巾着状に締められた袋の口から、茶色い髪が見えた気がした。
「待って下さいよ!? 何っ!? なにあれ!?」
庄助は慌てて詰め寄った。国枝はキョトンとした顔をしたあと、少し気まずそうに、
「あっ、えっとぉ……大丈夫。ちょっと取れちゃったとこもあるけど、まだ全然死んでないよ」
と微笑んだ。
「取れちゃったって何!? めっちゃ怖い!」
喧嘩はたしなむが、グロいのは苦手な庄助は震え上がった。
「この前二人が"活躍"してくれたからさ。これを足がかりに、川濱組をちょっとは黙らせることができそうかも。いや~、お手柄バディだね」
国枝は二人の間に割って入ると、肩を組んだ。香水とタバコの混じった、大人の男の匂いがする。
「キリがいいとこまで片付いたら、寿司でも行こうぜ。庄助は、シャコ食えるか? ……なんてな」
そう言うなり二人の肩をぽんと叩いて、胸元からタバコを出すと、火もつけずに咥えて倉庫の方へ歩いてゆく。途中でこちらを振り向いて手を上げたので、景虎は頭を下げた。お前も下げろと後ろ頭を押されたので、庄助も仕方なくそれに倣う。
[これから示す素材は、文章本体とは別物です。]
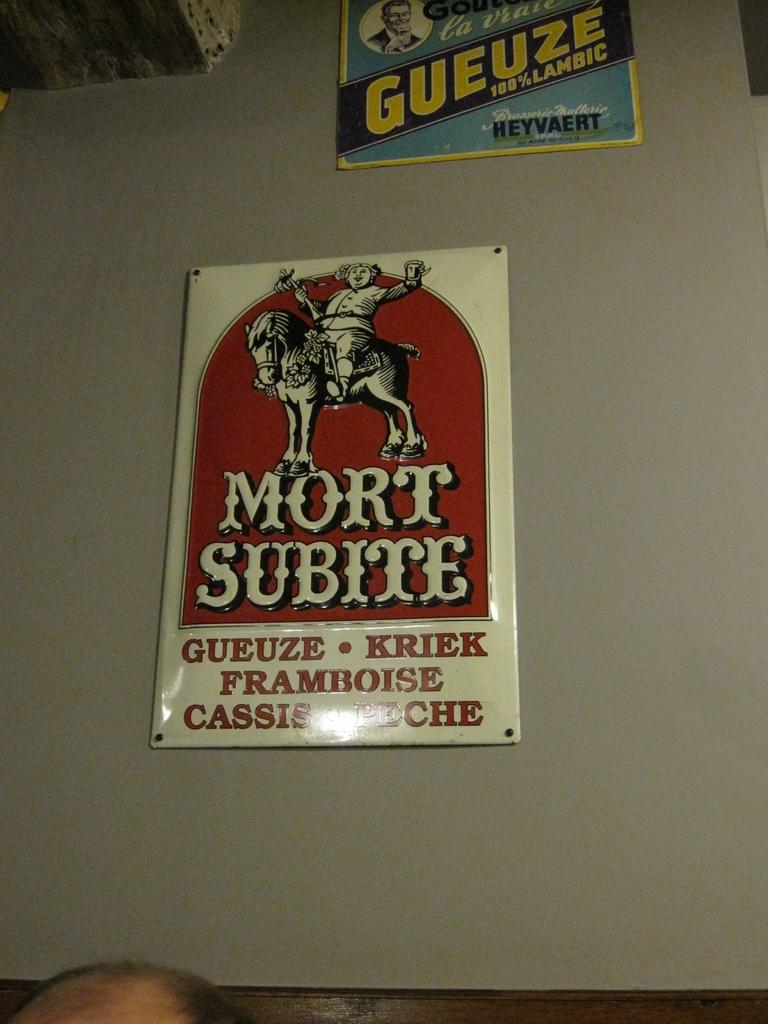What is featured on the poster in the image? The poster contains an animated person and an animated horse. What else can be seen on the poster besides the animated characters? There is printed text on the poster. Can you describe the human head visible in the image? A human head is visible in the image, but its features or context are not clear from the provided facts. How does the wind affect the power of the animated horse in the image? There is no mention of wind or power in the image, and the animated horse is not shown to be affected by any external factors.

庄助を襲った奴らは、国枝にあることないことウタわせられる。景虎から聞いていたし、そういうこともあるだろうと思っていたが、なんというか。思いの外苛烈なようで、庄助は溜飲が下がるどころか恐ろしさに脂汗が背中を流れた。
ふとすごく嫌な予感がして、横目でバケツで跳ねる小魚を見つめる。ここらの海は餌が豊富だと言った、景虎の台詞を思い出した。冗談にしても、今しがたそこで釣れたシロギスすら、普段何を食べているのか怪しくなってきた。
国枝が倉庫に姿を消すと、潮にさらされたっぷりと赤錆の浮いた鉄扉が、重々しい音を立てて閉められた。
「良かったな、庄助」
「な、何が良かってん……!」
「俺はお前を危険な目に合わせたくはないから、心境としては複雑だが……国枝さんに評価されるってのはヤクザとして前進したってことだからな」
「おおぉ……?」
景虎はもう一度、庄助を抱きしめる。今度は抵抗しなかった。
今しがた国枝たちが入っていった倉庫から、何かを引きずる音、硬いものがぶつかる音がしたり、終いには焼肉のような匂いが漂ってきて、庄助はぷるぷるとまるで動物病院で検査を待つ子犬のように震えた。
「……たいぃ」
「俺は、行き着く先が地獄でもお前と一緒にいたい。なあ、庄助、俺の……ん? どうした?」
「ヤクザこわすぎ! 大阪に帰りたい~~っ!」
庄助の悪魔のような叫び声が、静かな朝の埠頭にいつまでも響いた。
地獄への道ゆきは、あまりにも長く遠い。